Hi,
I have realised that the combination [Pangool + Two or more named output + EMR (output path directly to S3) + more tasks than slots]
Example: Imagine that we have 10 reduce tasks but only 2 execution slots.
In this case, first 2 tasks run successfully, starting to copy that output of the reduce to S3 as soon as they finish.

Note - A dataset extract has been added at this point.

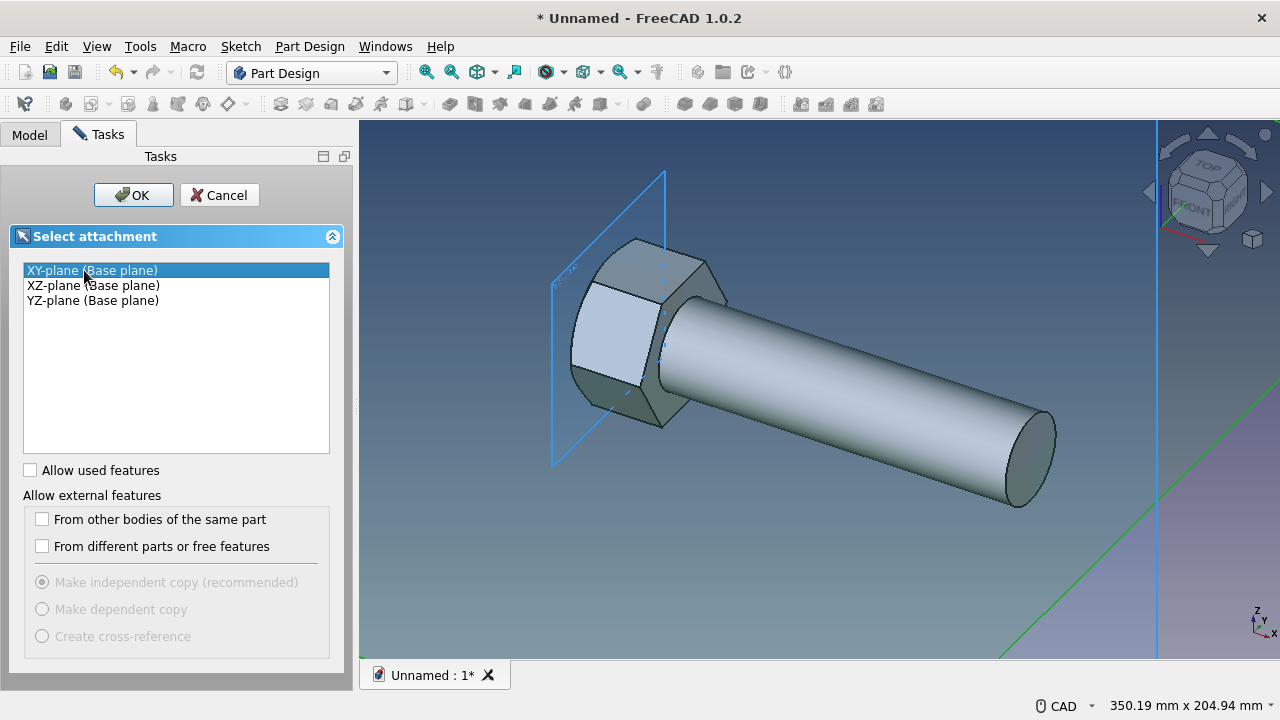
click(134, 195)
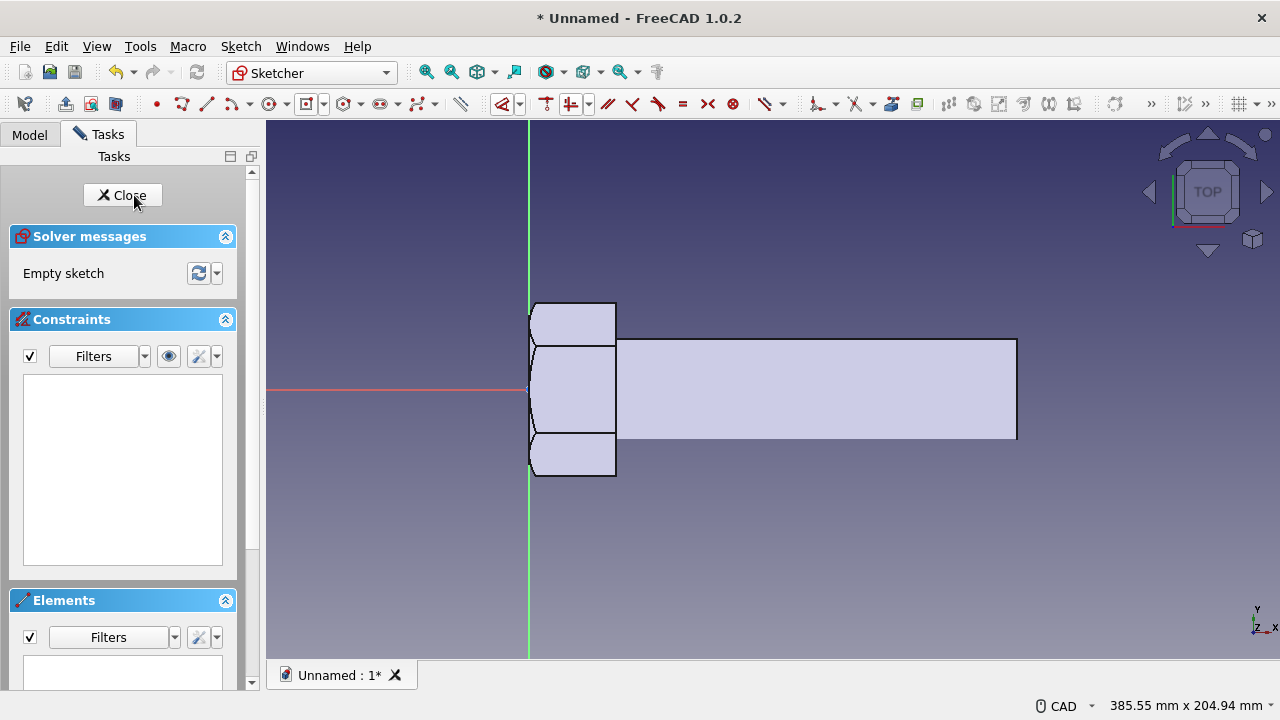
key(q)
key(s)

But when tasks 3 and 4 start, since EMR has copied the previous output already to S3 so the paths already exist on the bucket, Pangool raises the following error:
org.apache.hadoop.mapred.FileAlreadyExistsException: Output directory s3n://gbd-kraken/results/20140204111904/job-label-output/event already exists at org.apache.hadoop.mapreduce.lib.output.FileOutputFormat.checkOutputSpecs(FileOutputFormat.java:137) at com.datasalt.pangool.tuplemr.mapred.lib.output.PangoolMultipleOutputs.getRecordWriter(PangoolMultipleOutputs.java:476) at com.datasalt.pangool.tuplemr.MultipleOutputsCollector.getNamedOutput(MultipleOutputsCollector.java:41) at com.gbd.kraken.job.label.LabelReducer.collectEnrichedEvent(LabelReducer.java:116) at com.gbd.kraken.job.label.LabelReducer.reduce(LabelReducer.java:70)
This does not happen using normal output, just the named output. And it only happens sending the output to S3 directly, not to HDFS.
Juanjo.